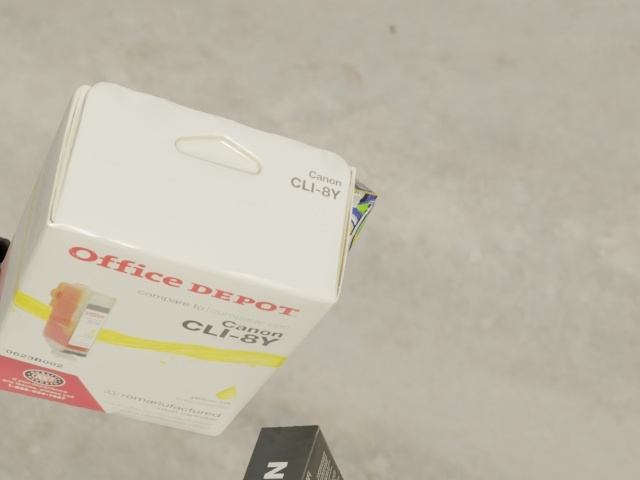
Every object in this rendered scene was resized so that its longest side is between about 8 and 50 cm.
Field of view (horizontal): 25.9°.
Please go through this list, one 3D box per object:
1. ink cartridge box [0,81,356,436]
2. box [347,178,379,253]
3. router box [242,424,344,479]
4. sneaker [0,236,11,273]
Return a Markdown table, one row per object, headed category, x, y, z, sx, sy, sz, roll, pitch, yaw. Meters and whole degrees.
| category | x | y | z | sx | sy | sz | roll | pitch | yaw |
| --- | --- | --- | --- | --- | --- | --- | --- | --- | --- |
| ink cartridge box | -0.166 | 0.038 | 1.398 | 0.279 | 0.385 | 0.160 | 15 | 58 | -15 |
| box | 0.000 | 0.000 | 1.699 | 0.059 | 0.054 | 0.169 | 39 | 107 | 36 |
| router box | -0.035 | 0.404 | 1.585 | 0.081 | 0.243 | 0.309 | -5 | 38 | 22 |
| sneaker | -0.399 | 0.068 | 1.776 | 0.058 | 0.084 | 0.152 | -8 | 68 | -40 |
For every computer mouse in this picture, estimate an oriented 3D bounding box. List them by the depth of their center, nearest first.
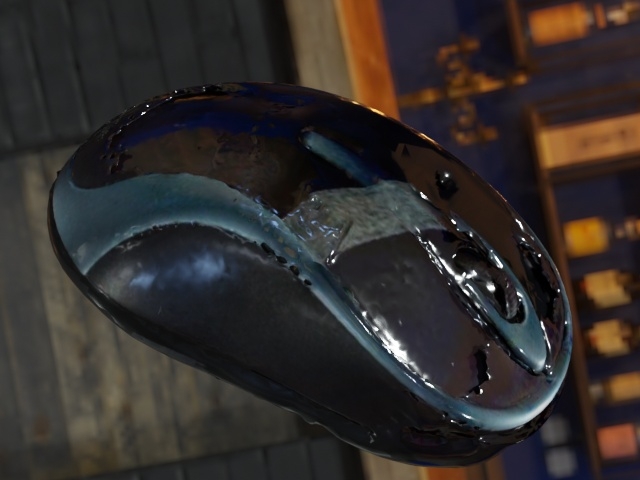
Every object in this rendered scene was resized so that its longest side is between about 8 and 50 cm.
[{"bbox_3d":[0.000,0.000,0.734,0.137,0.233,0.096,-55,166,-46],"label":"computer mouse"}]
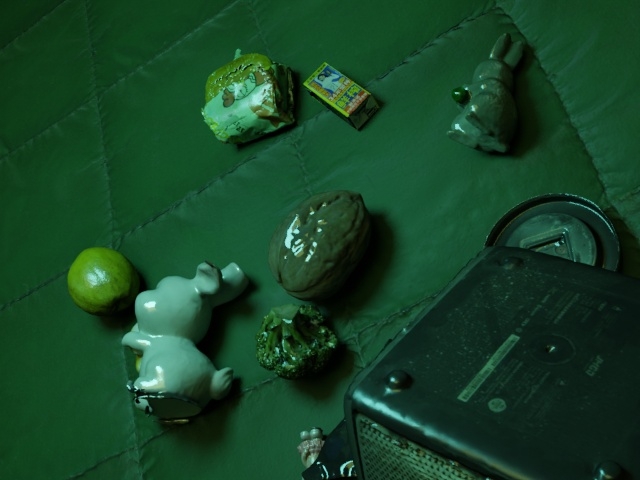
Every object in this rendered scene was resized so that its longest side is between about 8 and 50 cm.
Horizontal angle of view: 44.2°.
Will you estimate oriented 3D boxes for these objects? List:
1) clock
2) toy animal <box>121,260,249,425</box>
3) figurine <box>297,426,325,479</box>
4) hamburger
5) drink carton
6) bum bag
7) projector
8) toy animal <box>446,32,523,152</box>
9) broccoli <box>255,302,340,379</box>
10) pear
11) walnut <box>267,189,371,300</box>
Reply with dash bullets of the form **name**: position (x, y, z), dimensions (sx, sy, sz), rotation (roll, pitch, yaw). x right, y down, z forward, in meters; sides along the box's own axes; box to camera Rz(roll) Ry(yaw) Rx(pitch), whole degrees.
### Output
- **clock**: position (0.372, 0.033, 1.273), dimensions (0.226, 0.049, 0.226), rotation (-14, 61, 27)
- **toy animal**: position (-0.274, 0.185, 1.533), dimensions (0.247, 0.183, 0.310), rotation (-10, 57, 23)
- **figurine**: position (0.000, 0.384, 1.336), dimensions (0.072, 0.054, 0.129), rotation (-15, 51, 9)
- **hamburger**: position (-0.166, -0.335, 1.748), dimensions (0.214, 0.125, 0.235), rotation (-9, 76, 18)
- **drink carton**: position (0.042, -0.303, 1.647), dimensions (0.071, 0.056, 0.165), rotation (-43, 51, -3)
- **bum bag**: position (0.092, 0.302, 1.291), dimensions (0.137, 0.074, 0.310), rotation (21, 70, 41)
- **projector**: position (0.294, 0.217, 1.006), dimensions (0.405, 0.242, 0.395), rotation (19, 45, 37)
- **toy animal**: position (0.313, -0.264, 1.441), dimensions (0.236, 0.138, 0.108), rotation (-60, 7, -36)
- **broccoli**: position (-0.050, 0.178, 1.419), dimensions (0.146, 0.138, 0.162), rotation (-25, 34, -19)
- **pear**: position (-0.473, 0.093, 1.721), dimensions (0.149, 0.149, 0.162), rotation (-51, 53, 1)
- **walnut**: position (0.002, 0.001, 1.456), dimensions (0.178, 0.178, 0.230), rotation (34, 82, 39)
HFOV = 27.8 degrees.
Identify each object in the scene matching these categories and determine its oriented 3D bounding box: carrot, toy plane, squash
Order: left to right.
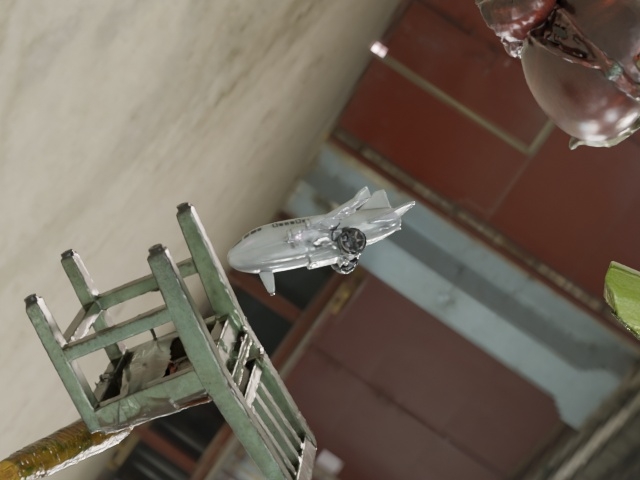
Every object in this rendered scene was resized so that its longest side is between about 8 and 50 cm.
[{"bbox_3d":[-0.234,0.190,1.205,0.170,0.042,0.042,-21,149,-58],"label":"carrot"},{"bbox_3d":[0.000,0.000,1.182,0.171,0.065,0.162,-22,166,-13],"label":"toy plane"},{"bbox_3d":[0.331,0.088,1.108,0.075,0.200,0.090,-64,162,-14],"label":"squash"}]

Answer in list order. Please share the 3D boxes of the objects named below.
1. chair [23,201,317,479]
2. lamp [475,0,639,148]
[{"bbox_3d":[-0.128,0.123,1.148,0.147,0.270,0.136,-22,-163,12],"label":"chair"},{"bbox_3d":[0.267,-0.193,1.284,0.151,0.223,0.215,-35,-179,8],"label":"lamp"}]
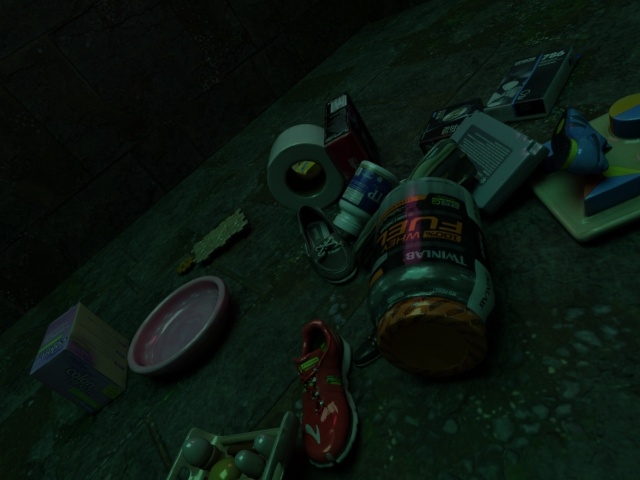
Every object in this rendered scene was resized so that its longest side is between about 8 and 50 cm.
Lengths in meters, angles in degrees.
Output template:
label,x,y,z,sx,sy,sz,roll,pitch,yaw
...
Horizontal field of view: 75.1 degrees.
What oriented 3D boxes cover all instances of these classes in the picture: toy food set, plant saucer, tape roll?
label,x,y,z,sx,sy,sz,roll,pitch,yaw
toy food set,-0.175,0.406,0.688,0.306,0.092,0.219,-29,28,39
plant saucer,-0.387,0.247,1.182,0.333,0.084,0.332,-26,31,17
tape roll,-0.047,-0.237,1.364,0.246,0.246,0.169,-26,31,16

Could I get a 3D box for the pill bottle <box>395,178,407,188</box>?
label,x,y,z,sx,sy,sz,roll,pitch,yaw
pill bottle,0.238,-0.107,1.070,0.067,0.067,0.120,-29,30,10

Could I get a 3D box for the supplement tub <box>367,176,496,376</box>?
label,x,y,z,sx,sy,sz,roll,pitch,yaw
supplement tub,0.195,0.054,0.749,0.207,0.207,0.337,-19,34,26

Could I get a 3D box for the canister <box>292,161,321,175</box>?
label,x,y,z,sx,sy,sz,roll,pitch,yaw
canister,-0.047,-0.265,1.575,0.126,0.073,0.170,-45,30,-17

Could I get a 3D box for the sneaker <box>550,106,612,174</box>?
label,x,y,z,sx,sy,sz,roll,pitch,yaw
sneaker,0.498,-0.188,0.795,0.082,0.069,0.209,16,43,11

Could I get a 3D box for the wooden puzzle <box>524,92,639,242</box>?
label,x,y,z,sx,sy,sz,roll,pitch,yaw
wooden puzzle,0.579,-0.173,0.809,0.323,0.080,0.347,-27,31,16

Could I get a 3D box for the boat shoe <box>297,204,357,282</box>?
label,x,y,z,sx,sy,sz,roll,pitch,yaw
boat shoe,0.000,0.000,1.129,0.112,0.095,0.335,-34,30,2

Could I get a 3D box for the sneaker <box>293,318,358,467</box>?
label,x,y,z,sx,sy,sz,roll,pitch,yaw
sneaker,-0.008,0.259,0.749,0.108,0.118,0.278,-27,31,16

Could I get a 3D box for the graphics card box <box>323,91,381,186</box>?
label,x,y,z,sx,sy,sz,roll,pitch,yaw
graphics card box,0.105,-0.295,1.305,0.094,0.232,0.370,-26,30,18

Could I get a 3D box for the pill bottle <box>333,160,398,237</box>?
label,x,y,z,sx,sy,sz,roll,pitch,yaw
pill bottle,0.115,-0.107,1.110,0.186,0.112,0.112,-61,31,5

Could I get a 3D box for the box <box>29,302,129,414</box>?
label,x,y,z,sx,sy,sz,roll,pitch,yaw
box,-0.690,0.341,1.223,0.117,0.213,0.243,-38,31,-4

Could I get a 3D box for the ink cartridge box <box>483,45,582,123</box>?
label,x,y,z,sx,sy,sz,roll,pitch,yaw
ink cartridge box,0.615,-0.462,1.200,0.166,0.065,0.332,3,46,48

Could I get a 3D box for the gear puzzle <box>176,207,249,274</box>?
label,x,y,z,sx,sy,sz,roll,pitch,yaw
gear puzzle,-0.404,0.022,1.566,0.339,0.044,0.175,-40,32,-2

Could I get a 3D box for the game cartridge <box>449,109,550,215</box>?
label,x,y,z,sx,sy,sz,roll,pitch,yaw
game cartridge,0.376,-0.185,0.982,0.198,0.062,0.297,-58,22,24

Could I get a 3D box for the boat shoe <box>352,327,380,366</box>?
label,x,y,z,sx,sy,sz,roll,pitch,yaw
boat shoe,0.111,0.189,0.808,0.133,0.042,0.049,-40,32,-4

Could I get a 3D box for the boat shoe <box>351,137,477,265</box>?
label,x,y,z,sx,sy,sz,roll,pitch,yaw
boat shoe,0.210,-0.061,0.949,0.355,0.130,0.132,-51,-6,20

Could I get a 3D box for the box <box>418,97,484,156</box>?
label,x,y,z,sx,sy,sz,roll,pitch,yaw
box,0.387,-0.319,1.210,0.148,0.077,0.180,-5,41,40
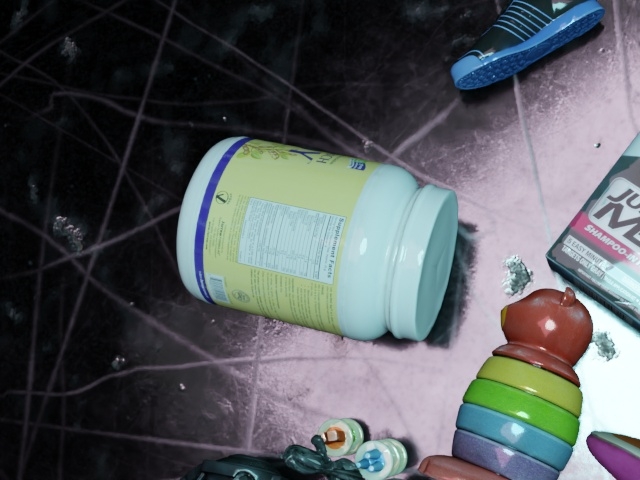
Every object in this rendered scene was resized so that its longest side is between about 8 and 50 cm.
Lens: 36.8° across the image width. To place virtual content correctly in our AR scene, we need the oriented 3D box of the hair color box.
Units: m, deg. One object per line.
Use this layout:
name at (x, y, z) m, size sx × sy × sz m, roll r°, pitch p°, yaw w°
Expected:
hair color box at (0.479, -0.069, 1.240) m, size 0.185 × 0.113 × 0.374 m, roll 38°, pitch 92°, yaw 19°

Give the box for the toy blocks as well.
toy blocks at (0.046, 0.279, 1.290) m, size 0.123 × 0.148 × 0.054 m, roll 22°, pitch 87°, yaw 18°

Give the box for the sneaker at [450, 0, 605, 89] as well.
sneaker at (0.279, -0.300, 1.361) m, size 0.232 × 0.081 × 0.090 m, roll -27°, pitch 71°, yaw 3°

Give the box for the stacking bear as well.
stacking bear at (0.262, 0.198, 1.243) m, size 0.164 × 0.175 × 0.289 m, roll 19°, pitch 79°, yaw 21°

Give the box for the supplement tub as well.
supplement tub at (0.000, 0.000, 1.303) m, size 0.331 × 0.241 × 0.241 m, roll 12°, pitch 84°, yaw 18°

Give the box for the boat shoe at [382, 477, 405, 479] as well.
boat shoe at (0.101, 0.472, 1.166) m, size 0.130 × 0.132 × 0.356 m, roll -8°, pitch 70°, yaw 43°

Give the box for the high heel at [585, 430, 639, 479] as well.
high heel at (0.468, 0.388, 1.168) m, size 0.377 × 0.127 × 0.181 m, roll 31°, pitch 102°, yaw 26°

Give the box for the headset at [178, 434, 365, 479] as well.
headset at (-0.111, 0.380, 1.265) m, size 0.394 × 0.185 × 0.243 m, roll -34°, pitch 47°, yaw 25°
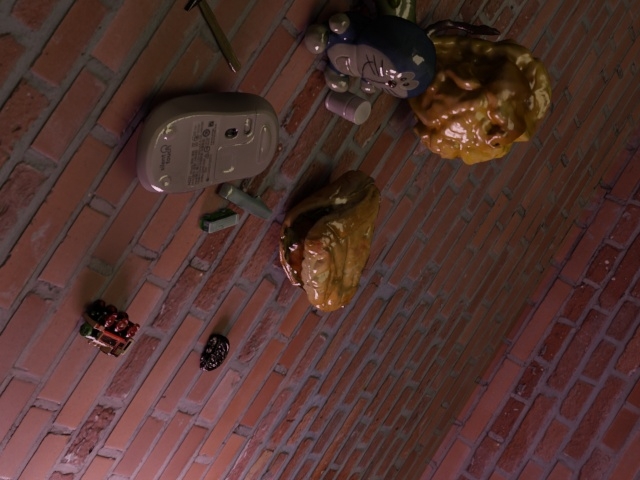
==============================
▸ **Directions**
The lines to return are those holding the string "objects" anywhere in the listing above.

▸ **Response area**
Will you estimate oriented 3D boxes for these objects? List:
Answer in list order. Please share the 3D boxes of the objects named below.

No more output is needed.